Thursday, May 8, 2008

Formula One suspension components

The suspension is made up of the following components:
  • Springs: The springs absorb the basic loadings. Sometimes these are in the classic coil shape that most people associate with the word spring. More usually, however, they are things called torsion bars, a sort of straightened-out spring, that makes for easier changing and lighter weight. Changing the stiffness of the spring – how much it deflects for a given load – is a key way to change the handling of the car.
  • Dampers: Once a load is released from a spring – like when the car has finished cornering or braking – the spring oscillates. Dampers damp out the oscillations, enabling the car to recover its equilibrium quicker. The stiffness of the dampers is adjustable, and they form another key variable in establishing the driver’s preferred set-up.

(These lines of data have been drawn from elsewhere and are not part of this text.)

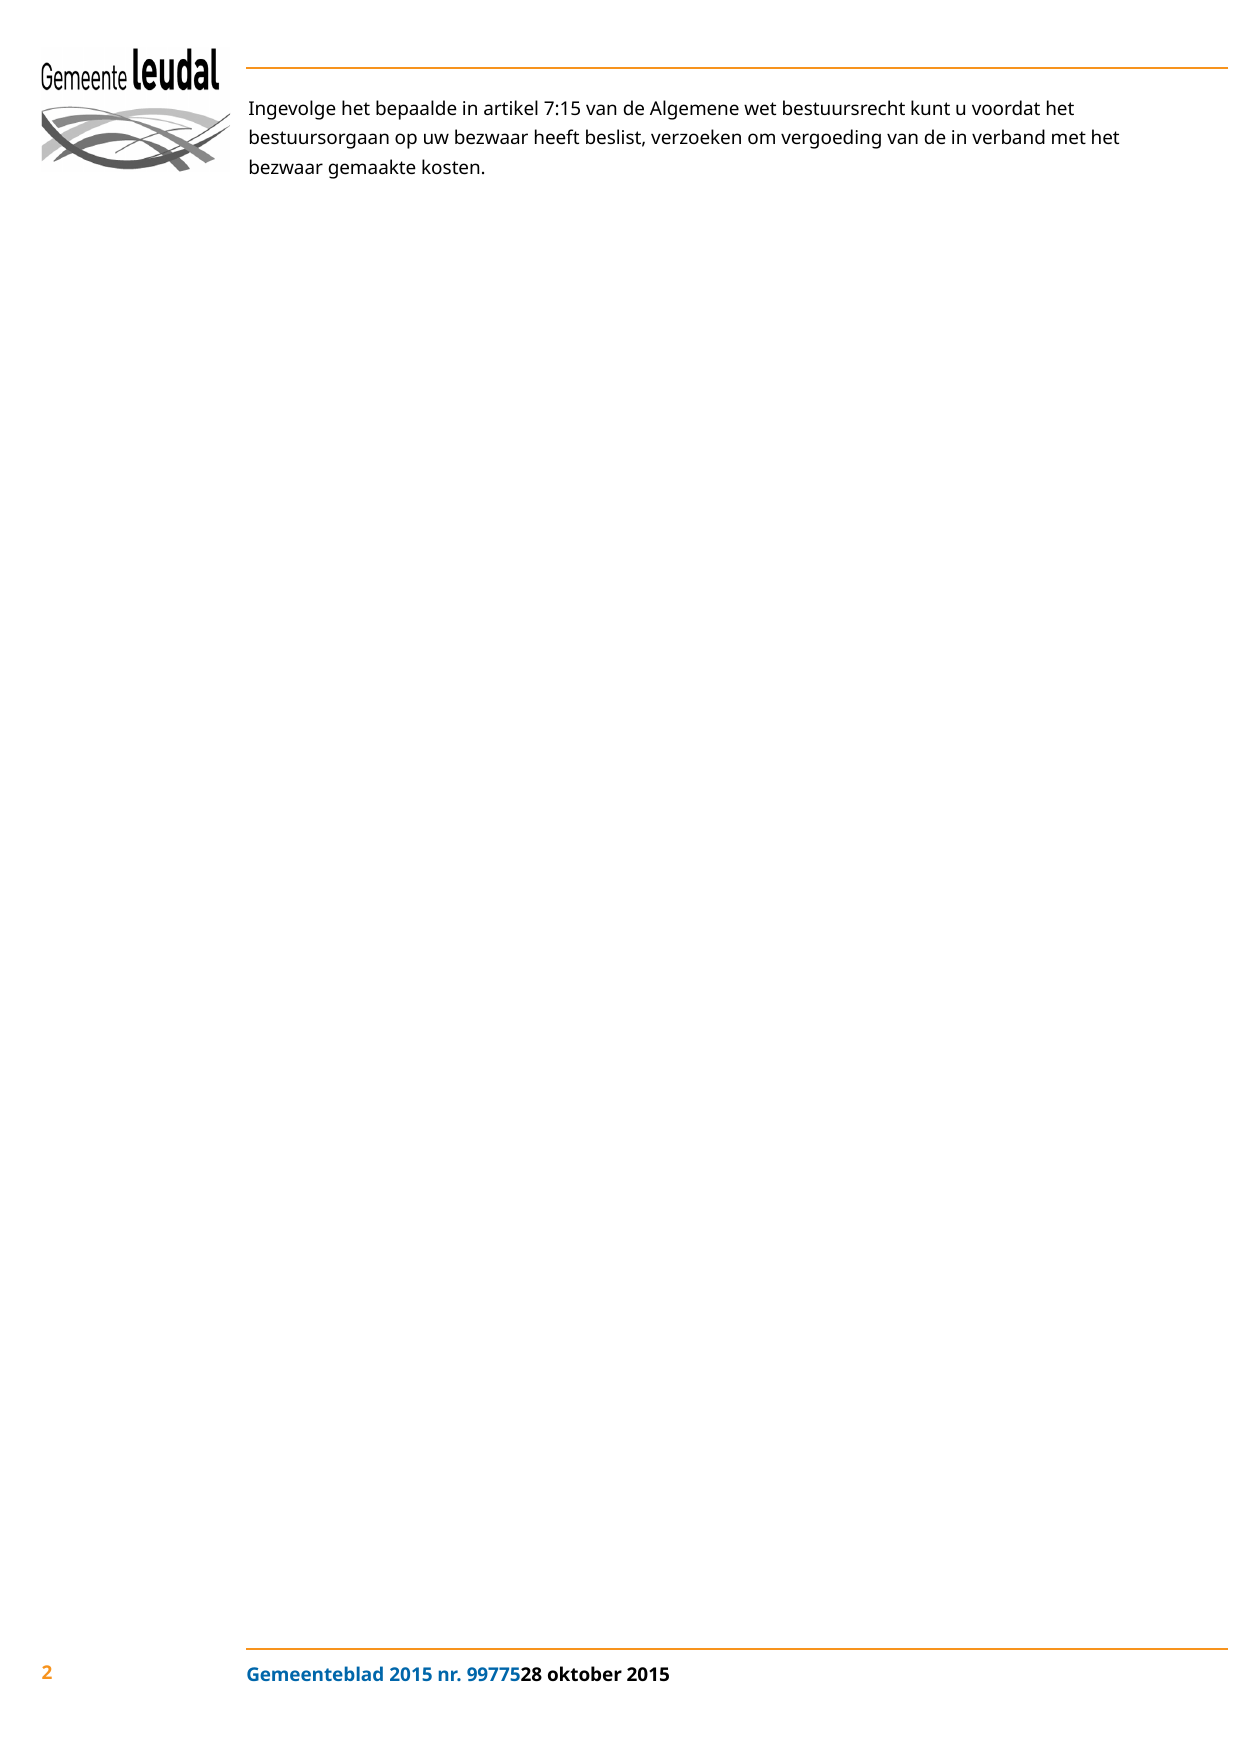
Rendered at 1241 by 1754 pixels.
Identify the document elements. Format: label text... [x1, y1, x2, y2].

text Ingevolge het bepaalde in artikel 7:15 van de Algemene wet bestuursrecht kunt u voordat het bestuursorgaan op uw bezwaar heeft beslist, verzoeken om vergoeding van de in verband met het bezwaar gemaakte kosten. [248, 95, 1152, 180]
picture [41, 47, 231, 172]
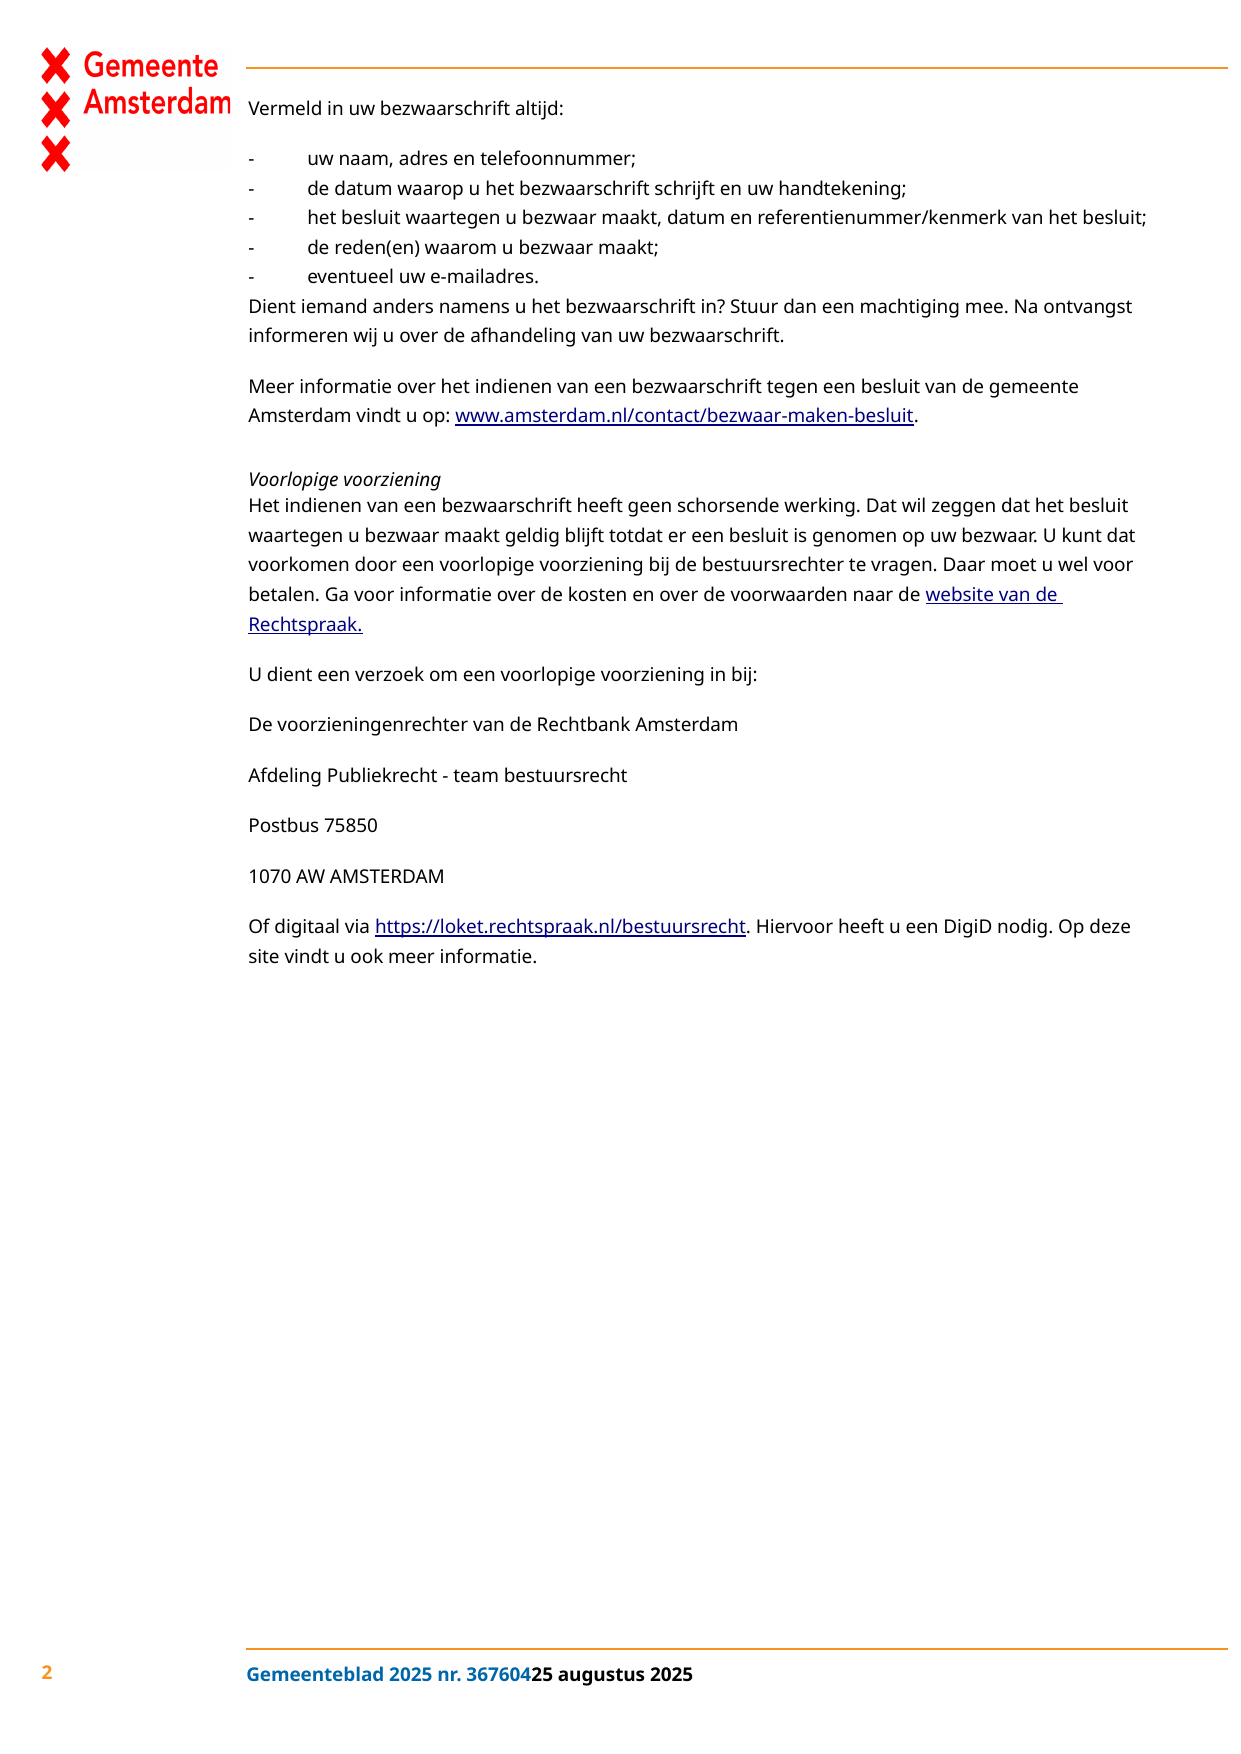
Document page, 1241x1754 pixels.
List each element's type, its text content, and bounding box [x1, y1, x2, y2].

text Of digitaal via https://loket.rechtspraak.nl/bestuursrecht. Hiervoor heeft u een DigiD nodig. Op deze site vindt u ook meer informatie. [248, 913, 1152, 968]
text Het indienen van een bezwaarschrift heeft geen schorsende werking. Dat wil zeggen dat het besluit waartegen u bezwaar maakt geldig blijft totdat er een besluit is genomen op uw bezwaar. U kunt dat voorkomen door een voorlopige voorziening bij de bestuursrechter te vragen. Daar moet u wel voor betalen. Ga voor informatie over de kosten en over de voorwaarden naar de website van de Rechtspraak. [248, 492, 1152, 636]
text 1070 AW AMSTERDAM [248, 863, 1152, 888]
text Dient iemand anders namens u het bezwaarschrift in? Stuur dan een machtiging mee. Na ontvangst informeren wij u over de afhandeling van uw bezwaarschrift. [248, 293, 1152, 348]
list uw naam, adres en telefoonnummer; [248, 145, 1152, 171]
text De voorzieningenrechter van de Rechtbank Amsterdam [248, 712, 1152, 737]
text Meer informatie over het indienen van een bezwaarschrift tegen een besluit van de gemeente Amsterdam vindt u op: www.amsterdam.nl/contact/bezwaar-maken-besluit. [248, 373, 1152, 428]
picture [41, 47, 231, 172]
list het besluit waartegen u bezwaar maakt, datum en referentienummer/kenmerk van het besluit; [248, 204, 1152, 230]
text Voorlopige voorziening [248, 467, 1152, 492]
text U dient een verzoek om een voorlopige voorziening in bij: [248, 661, 1152, 687]
text Afdeling Publiekrecht - team bestuursrecht [248, 762, 1152, 788]
list de datum waarop u het bezwaarschrift schrijft en uw handtekening; [248, 175, 1152, 201]
list de reden(en) waarom u bezwaar maakt; [248, 234, 1152, 260]
text Postbus 75850 [248, 812, 1152, 838]
text Vermeld in uw bezwaarschrift altijd: [248, 95, 1152, 121]
list eventueel uw e-mailadres. [248, 263, 1152, 289]

  • Arms: Arms are the connections that transfer the loadings from the wheels to the spring/dampers. In a Formula One car, arms are almost always arranged in what is known as the double wishbone formation. Two upper and two lower arms stretch horizontally in a vee shape from the wheel to pick-up points on the chassis. In between is a pushrod, a single arm that stretches (at an angle from the horizontal) from the wheel to the spring/damper attached within the main chassis. As the wheel moves up and down supported by the wishbones, the pushrod translates the loadings onto the spring and damper. The arms are connected to the wheel via an upright, a cast piece of metal (usually titanium) onto which the wheel hub is bolted on one side and the suspension arms on the other. The front suspension arms (and sometimes the rear suspension arms, too) are usually made from carbon fibre. But the heat from the exhausts can have a damaging effect on the strength of the material, requiring that an exotic lightweight metal might be used instead.
  • Roll bars: The roll bar is a metal bar linking one side of the suspension to the other. It limits how much the car rolls during cornering. The thickness of the bar determines its stiffness. There is a roll bar at the front and another at the back of the car.